Some therapists offer a sliding fee scale (defined above). Some psychiatrists will offer discounted rates if paying cash. You will want to do a specific search for these providers in your area. Google your city (or state if you are open to telehealth) plus “low fee” or “sliding fee” therapy and/or “discounted cash rates” for psychiatry. You can also ask providers you’ve already found in your search if they offer this.
These are available to anyone in need of psychiatric care even without insurance. You can search for clinics in your area here
This is a nationwide directory of mental health professionals who charge $40-$80/session. Unlike more extensive mental health directories, this website only includes sliding scale therapists in the searchable database.
Ultimately, the only way to know for sure what your benefits are and what your plan does and doesn’t cover is to make a phone call. Gross, I know. So check the back of your insurance card, and there should be a number for “Member Services.” Some cards might list a separate number for “Behavioral Health” – call that one if you see it listed.
Here is a list of questions you can use when you call to verify your mental health coverage:
What are my mental health benefits?
Do I need a referral or prior authorization for mental health services to be covered?
How much is my co-pay/co-insurance for mental health services?
Do I have a deductible to meet for mental health services? If yes, how much is it and how much of it have I met?
After I have met my deductible, what is my percentage of responsibility?

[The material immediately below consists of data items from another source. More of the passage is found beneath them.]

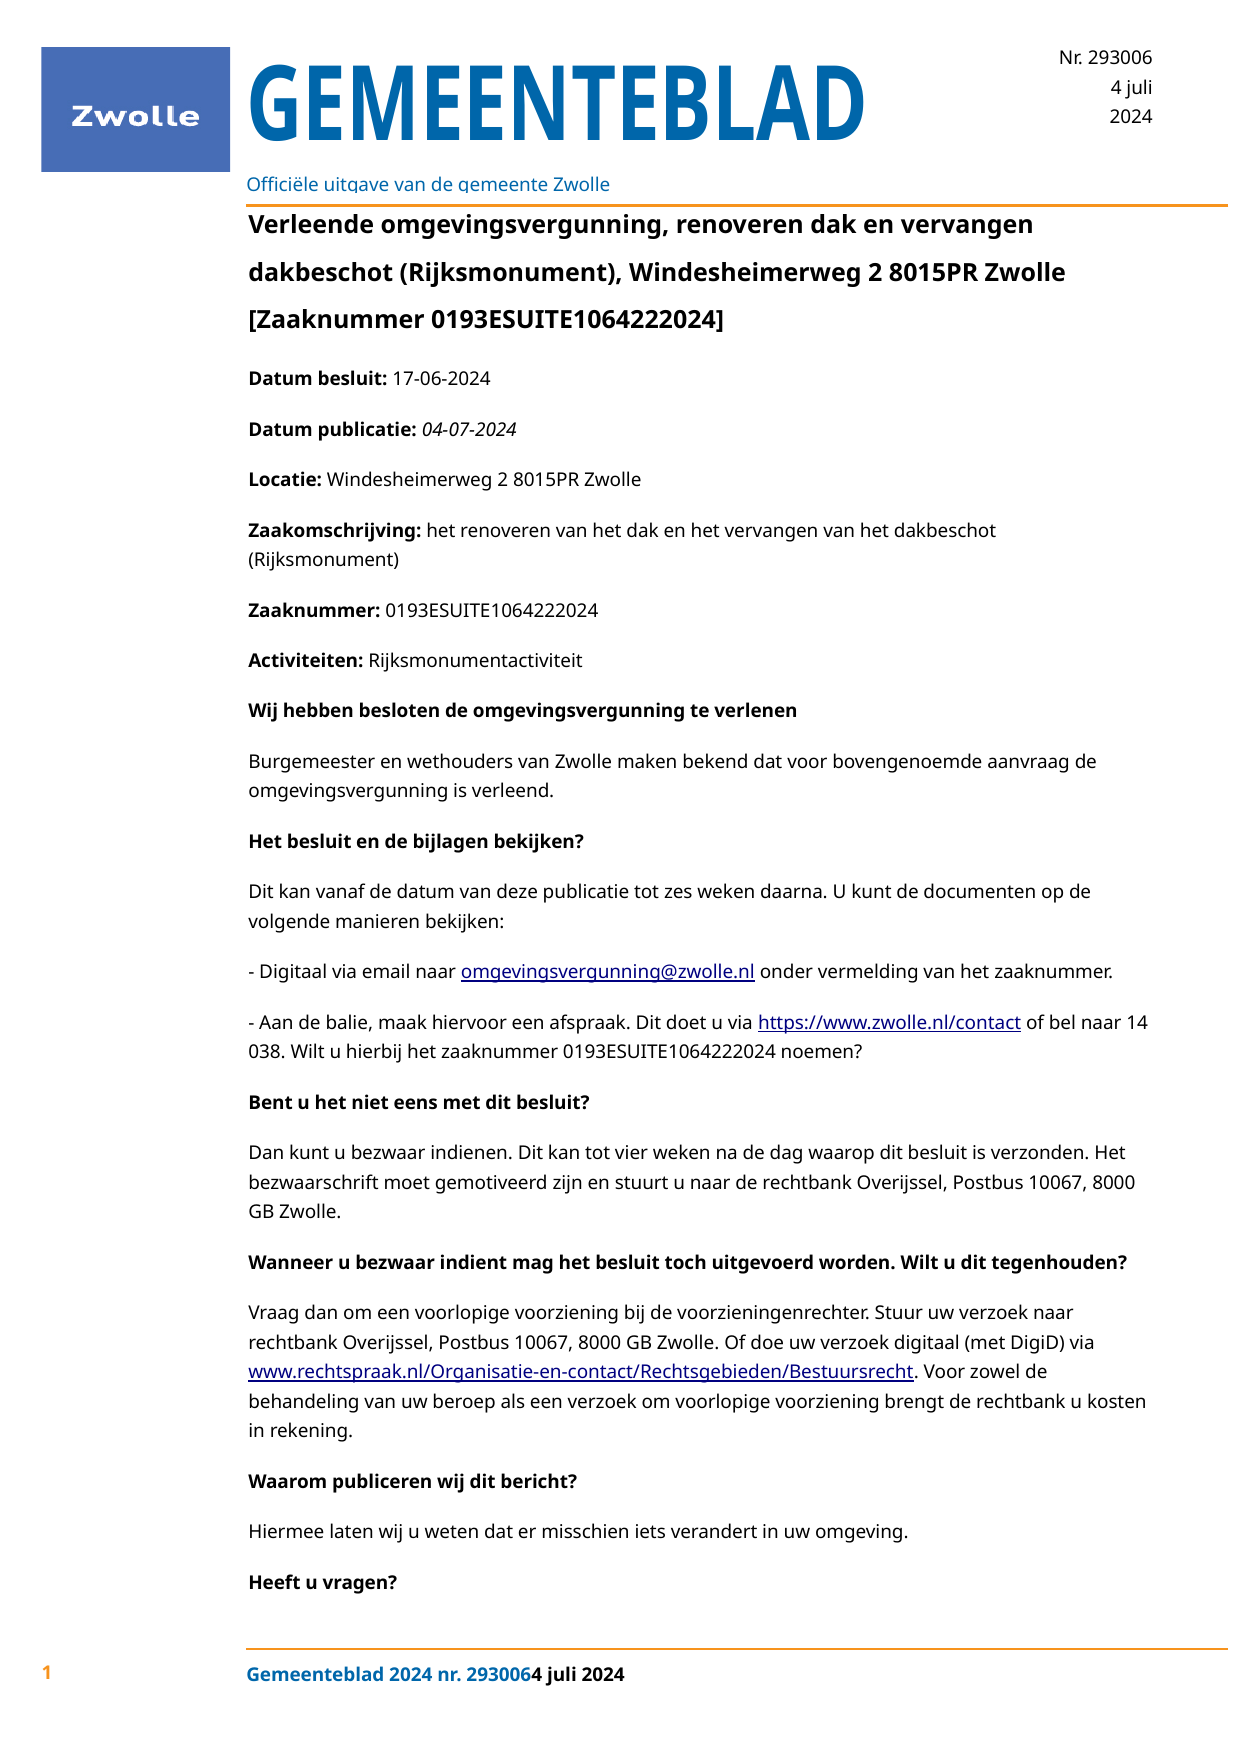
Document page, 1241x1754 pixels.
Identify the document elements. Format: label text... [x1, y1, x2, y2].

text Waarom publiceren wij dit bericht? [248, 1468, 1152, 1494]
text Heeft u vragen? [248, 1569, 1152, 1594]
text - Aan de balie, maak hiervoor een afspraak. Dit doet u via https://www.zwolle.nl/contact of bel naar 14 038. Wilt u hierbij het zaaknummer 0193ESUITE1064222024 noemen? [248, 1009, 1152, 1064]
text Zaakomschrijving: het renoveren van het dak en het vervangen van het dakbeschot (Rijksmonument) [248, 517, 1152, 572]
text Datum publicatie: 04-07-2024 [248, 416, 1152, 442]
text Wanneer u bezwaar indient mag het besluit toch uitgevoerd worden. Wilt u dit tegenhouden? [248, 1249, 1152, 1274]
text Activiteiten: Rijksmonumentactiviteit [248, 647, 1152, 673]
text Het besluit en de bijlagen bekijken? [248, 828, 1152, 854]
text Verleende omgevingsvergunning, renoveren dak en vervangen dakbeschot (Rijksmonument), Windesheimerweg 2 8015PR Zwolle [Zaaknummer 0193ESUITE1064222024] [248, 207, 1152, 336]
text - Digitaal via email naar omgevingsvergunning@zwolle.nl onder vermelding van het zaaknummer. [248, 958, 1152, 984]
text Burgemeester en wethouders van Zwolle maken bekend dat voor bovengenoemde aanvraag de omgevingsvergunning is verleend. [248, 748, 1152, 803]
text Dit kan vanaf de datum van deze publicatie tot zes weken daarna. U kunt de documenten op de volgende manieren bekijken: [248, 878, 1152, 934]
text Locatie: Windesheimerweg 2 8015PR Zwolle [248, 466, 1152, 492]
text Wij hebben besloten de omgevingsvergunning te verlenen [248, 698, 1152, 723]
text Hiermee laten wij u weten dat er misschien iets verandert in uw omgeving. [248, 1518, 1152, 1544]
picture [41, 47, 231, 172]
text Dan kunt u bezwaar indienen. Dit kan tot vier weken na de dag waarop dit besluit is verzonden. Het bezwaarschrift moet gemotiveerd zijn en stuurt u naar de rechtbank Overijssel, Postbus 10067, 8000 GB Zwolle. [248, 1139, 1152, 1224]
text Bent u het niet eens met dit besluit? [248, 1089, 1152, 1114]
text Vraag dan om een voorlopige voorziening bij de voorzieningenrechter. Stuur uw verzoek naar rechtbank Overijssel, Postbus 10067, 8000 GB Zwolle. Of doe uw verzoek digitaal (met DigiD) via www.rechtspraak.nl/Organisatie-en-contact/Rechtsgebieden/Bestuursrecht. Voor zowel de behandeling van uw beroep als een verzoek om voorlopige voorziening brengt de rechtbank u kosten in rekening. [248, 1299, 1152, 1443]
text Zaaknummer: 0193ESUITE1064222024 [248, 597, 1152, 622]
text Datum besluit: 17-06-2024 [248, 366, 1152, 391]

What is my yearly out-of-pocket maximum?
You may also wish to verify coverage for one or more specific CPT codes. So ask: Are the following services covered? Are they covered the same if provided as an office visit or via telehealth? Are there any limits to how many sessions will be covered within a year?
90791: Psychiatric diagnostic evaluation
90834: Psychotherapy, 45 minutes (38-52 minutes)

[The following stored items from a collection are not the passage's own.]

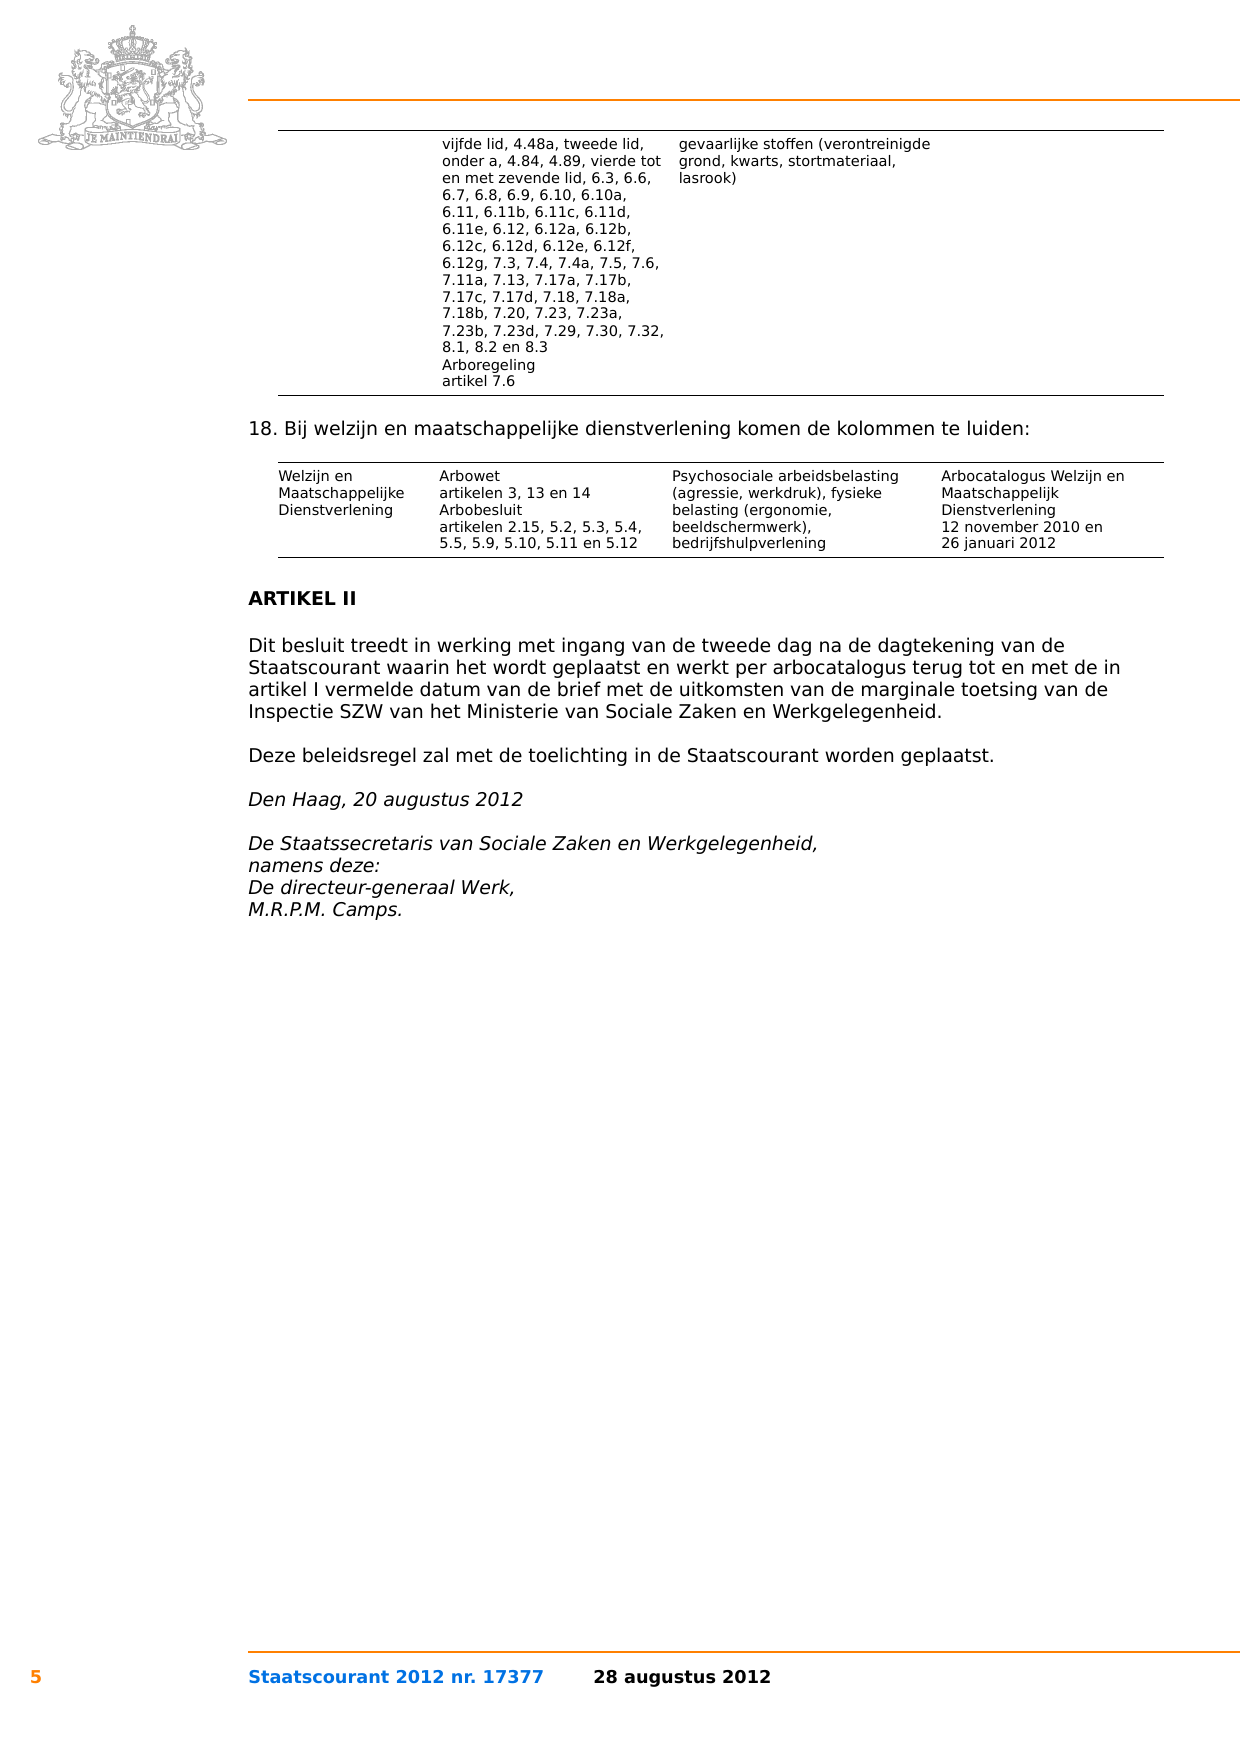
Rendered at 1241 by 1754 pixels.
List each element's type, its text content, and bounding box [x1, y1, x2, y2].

text De Staatssecretaris van Sociale Zaken en Werkgelegenheid, namens deze: De directeur-generaal Werk, M.R.P.M. Camps. [248, 833, 1163, 921]
table_header [278, 131, 436, 395]
subtitle ARTIKEL II [248, 588, 1163, 610]
table_header gevaarlijke stoffen (verontreinigde grond, kwarts, stortmateriaal, lasrook) [673, 131, 962, 395]
text Den Haag, 20 augustus 2012 [248, 789, 1163, 811]
table_header vijfde lid, 4.48a, tweede lid, onder a, 4.84, 4.89, vierde tot en met zevende lid, 6.3, 6.6, 6.7, 6.8, 6.9, 6.10, 6.10a, 6.11, 6.11b, 6.11c, 6.11d, 6.11e, 6.12, 6.12a, 6.12b, 6.12c, 6.12d, 6.12e, 6.12f, 6.12g, 7.3, 7.4, 7.4a, 7.5, 7.6, 7.11a, 7.13, 7.17a, 7.17b, 7.17c, 7.17d, 7.18, 7.18a, 7.18b, 7.20, 7.23, 7.23a, 7.23b, 7.23d, 7.29, 7.30, 7.32, 8.1, 8.2 en 8.3 Arboregeling artikel 7.6 [436, 131, 672, 395]
picture [38, 25, 227, 150]
table_header Welzijn en Maatschappelijke Dienstverlening [278, 463, 433, 557]
table_header Arbocatalogus Welzijn en Maatschappelijk Dienstverlening 12 november 2010 en 26 januari 2012 [935, 463, 1163, 557]
table_header Psychosociale arbeidsbelasting (agressie, werkdruk), fysieke belasting (ergonomie, beeldschermwerk), bedrijfshulpverlening [666, 463, 935, 557]
table_header [962, 131, 1163, 395]
text Dit besluit treedt in werking met ingang van de tweede dag na de dagtekening van de Staatscourant waarin het wordt geplaatst en werkt per arbocatalogus terug tot en met de in artikel I vermelde datum van de brief met de uitkomsten van de marginale toetsing van de Inspectie SZW van het Ministerie van Sociale Zaken en Werkgelegenheid. [248, 635, 1163, 723]
table_header Arbowet artikelen 3, 13 en 14 Arbobesluit artikelen 2.15, 5.2, 5.3, 5.4, 5.5, 5.9, 5.10, 5.11 en 5.12 [433, 463, 666, 557]
text Deze beleidsregel zal met de toelichting in de Staatscourant worden geplaatst. [248, 745, 1163, 767]
text 18. Bij welzijn en maatschappelijke dienstverlening komen de kolommen te luiden: [248, 418, 1163, 440]

90837: Psychotherapy, 60 minutes (53+ minutes)
90846: Family psychotherapy, without patient present
90847: Family psychotherapy, with patient present
90853: Group psychotherapy
If you are considering working with an OON provider, you may want to ask these additional questions:
– What is the Usual and Customary Rate? (This is the maximum amount the insurance will base their reimbursement off of – for example, if you have 50% coinsurance for OON, and the UCR is $150, then if your therapist charges $200, your insurance will still only reimburse you $75).
– How do I submit claims for reimbursement? How often can I/should I submit claims?
– How do you send me my reimbursement?
I hope this has been helpful for you if you have been struggling to navigate how to pay for therapy or other mental health services!